IGFBP-1 inhibits embryonic growth and development by inhibiting IGF actions. (A) Expression of a functional IGFBP-1 fusion protein. Embryos were injected with the IGFBP-1–EGFP construct (IGFBP-1) or empty vector (vector). At 36 hpf, the embryos were subjected to immunoblot (Left) and ligand blot analysis (Right). WT, wild-type embryos; vector, empty-vector-injected embryos; IGFBP-1, embryos injected with the IGFBP-1–EGFP construct. (B and C) Effect of IGFBP-1 overexpression under normoxia and hypoxia. Embryos injected with control MO (Cont), IGFBP-1 MO1 (MO), or IGFBP-1 MO plus IGFBP-1–EGFP overexpression vector at 12 hpf were transferred to normal (normoxia) or hypoxic water (hypoxia). The body length (B) and HTA (C) were measured 24 h later. Values are expressed as means ± SE (n = 20–34). Groups with common letters are not significantly different from each other (P < 0.05). (D) MO knockdown abrogates and IGFBP-1 overexpression restores hypoxia-induced delay in head skeleton and heart morphogenesis. Embryos injected with control MO, IGFBP-1 MO, or IGFBP-1 MO plus IGFBP-1–EGFP overexpression vector were transferred to normal or hypoxic water for 24 h and subjected to whole-mount in situ hybridization with nkx 2.5 (Upper) and dlx 2 (Lower). h, hyroid arch (arrows); m, mandibular arch (arrow heads). (Scale bar, 200 μm.) (E) IGFBP-1 inhibits IGF-stimulated zebrafish embryonic cell proliferation. Serum-starved, confluent cells were exposed to IGFBP-1 (400 ng/ml) with or without various concentrations of IGF-1 (open bars) or IGF-2 (shadow bars) in the presence of BrdUrd (20 μM) for 24 h. BrdUrd-labeled cells were detected by immunostaining. Values are expressed as means ± SE of two independent experiments, each of which was performed in duplicates. Groups with the same letters (a, b, c, d, e, or f) are not significantly different from each other (P < 0.05).

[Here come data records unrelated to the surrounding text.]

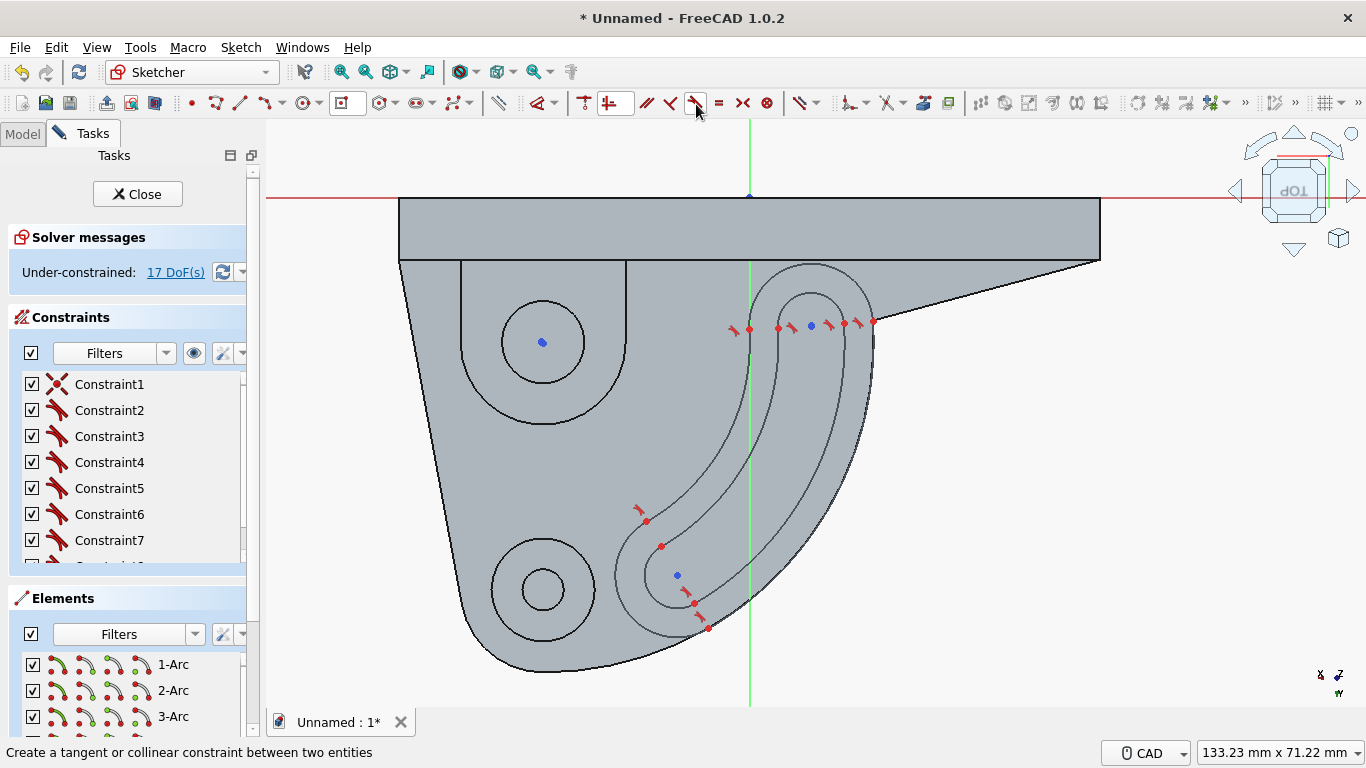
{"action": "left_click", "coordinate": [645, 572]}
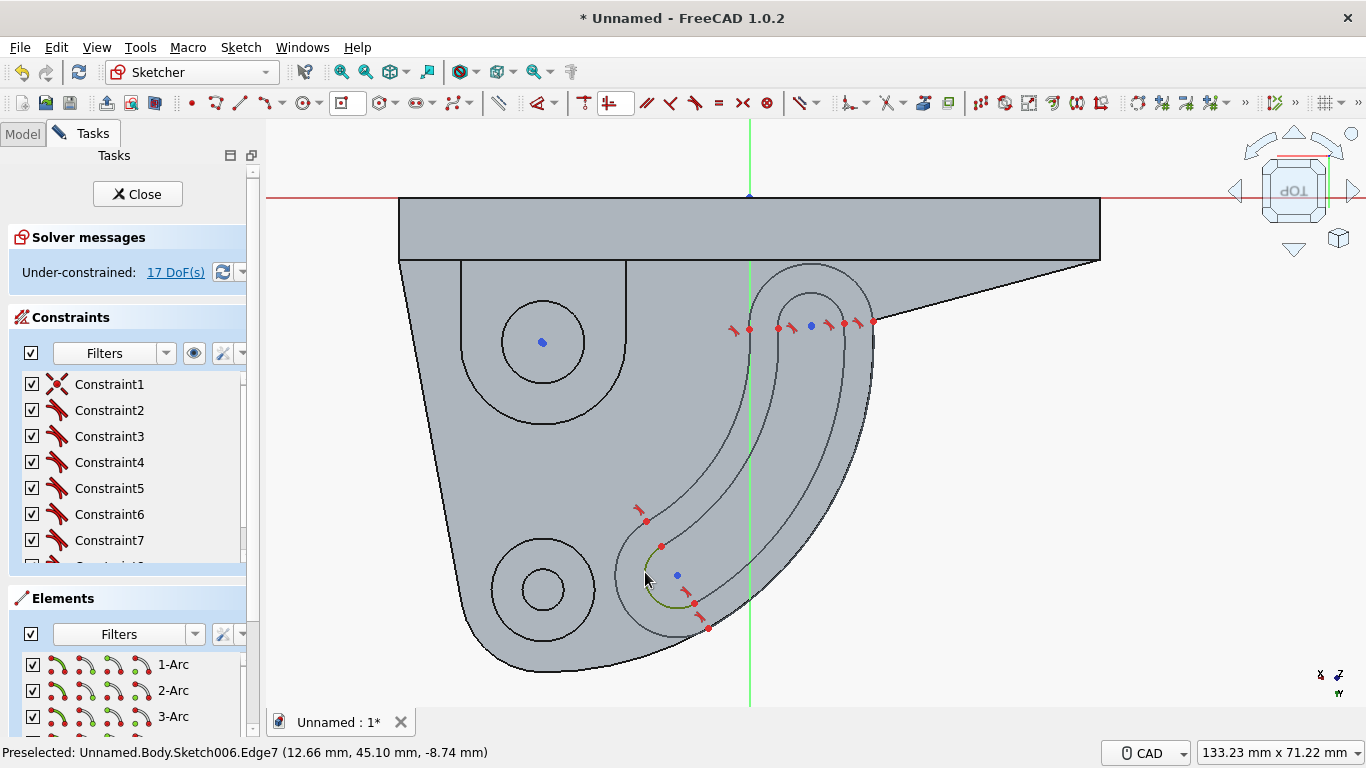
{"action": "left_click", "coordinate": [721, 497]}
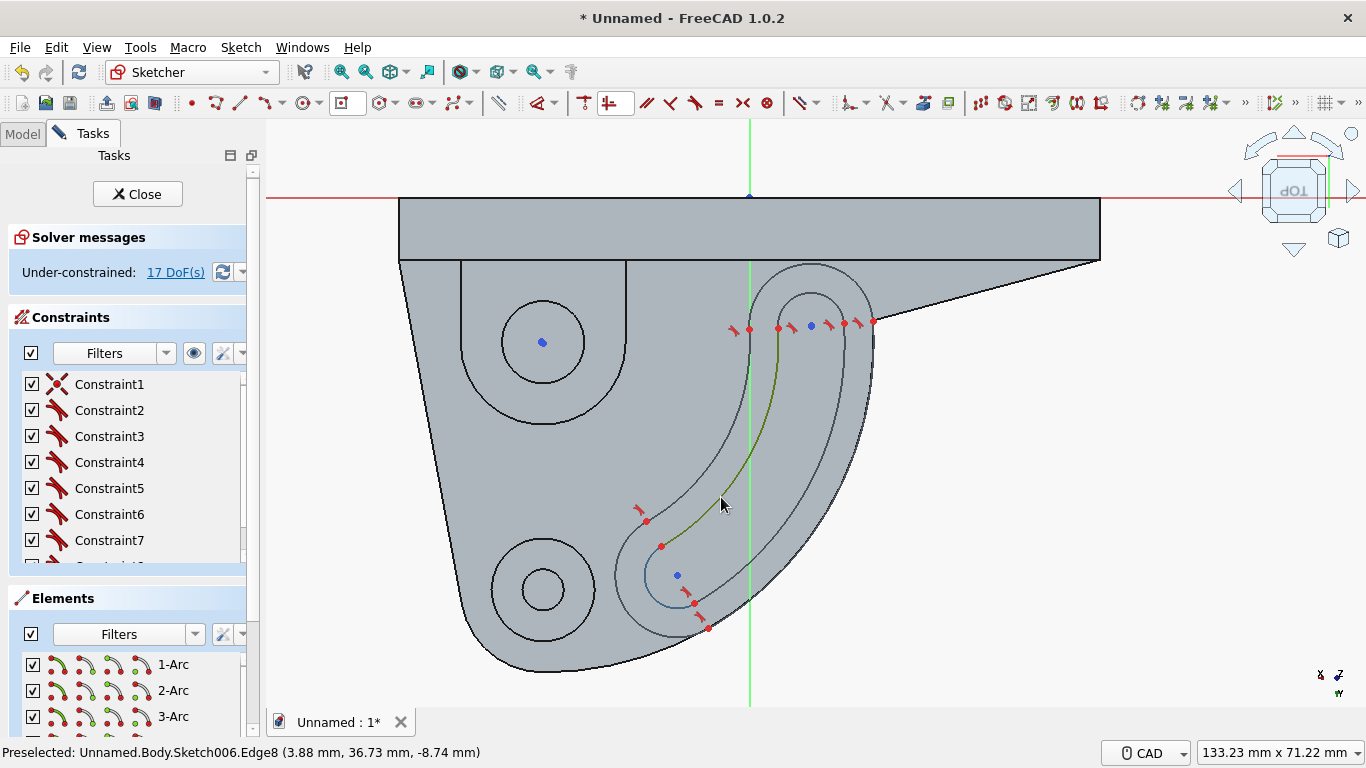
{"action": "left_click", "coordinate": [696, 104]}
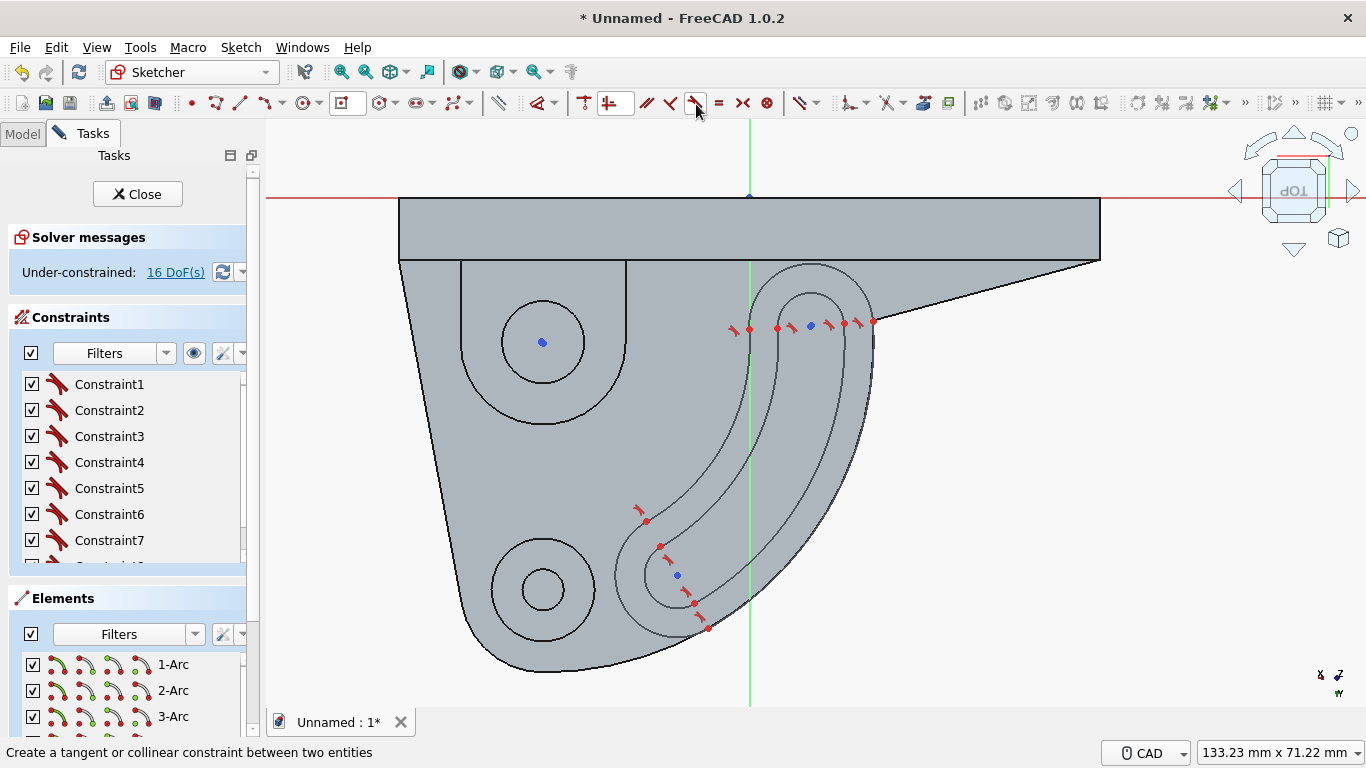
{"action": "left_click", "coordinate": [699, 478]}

Knockdown of functional insulin-like growth factor-binding protein (IGFBP)-1 does not change the expression levels or splicing of other IGFBPs. RT-PCR was performed with specific primer sets for zebrafish IGFBP-2, IGFBP-3, and IGFBP-5 by using RNA isolated from WT, control MO (Cont), and various doses of IGFBP-1 targeting MO1-injected (0.5, 1, 2, 4, 8, and 16 ng) embryos as described in Materials and Methods.